(Recorded data begins)

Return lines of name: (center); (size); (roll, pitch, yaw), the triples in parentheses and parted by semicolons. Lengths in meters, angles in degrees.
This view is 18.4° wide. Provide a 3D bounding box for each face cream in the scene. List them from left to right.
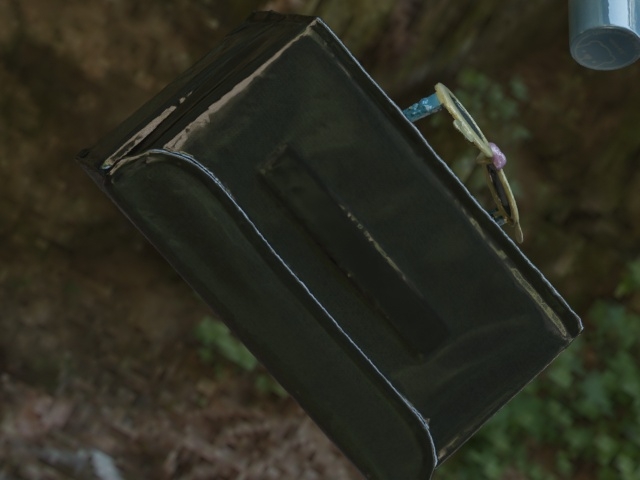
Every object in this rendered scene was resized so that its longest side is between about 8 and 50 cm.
face cream: (0.288, -0.294, 2.012); (0.077, 0.077, 0.250); (20, 54, -25)

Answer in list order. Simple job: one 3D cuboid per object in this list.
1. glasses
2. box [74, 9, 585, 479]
glasses: (0.072, -0.062, 1.894); (0.189, 0.220, 0.088); (56, 30, -46)
box: (-0.001, 0.001, 1.584); (0.345, 0.204, 0.251); (49, -4, -13)

(Recorded data ends)

▸ **Exercise objective**
Give back the whole listing exactly, without pictures.

▸ **Solution**
Return lines of name: (center); (size); (roll, pitch, yaw), the triples in parentheses and parted by semicolons. Lengths in meters, angles in degrees.
This view is 18.4° wide. Provide a 3D bounding box for each face cream in the scene. List them from left to right.
Every object in this rendered scene was resized so that its longest side is between about 8 and 50 cm.
face cream: (0.288, -0.294, 2.012); (0.077, 0.077, 0.250); (20, 54, -25)

Answer in list order. Simple job: one 3D cuboid per object in this list.
1. glasses
2. box [74, 9, 585, 479]
glasses: (0.072, -0.062, 1.894); (0.189, 0.220, 0.088); (56, 30, -46)
box: (-0.001, 0.001, 1.584); (0.345, 0.204, 0.251); (49, -4, -13)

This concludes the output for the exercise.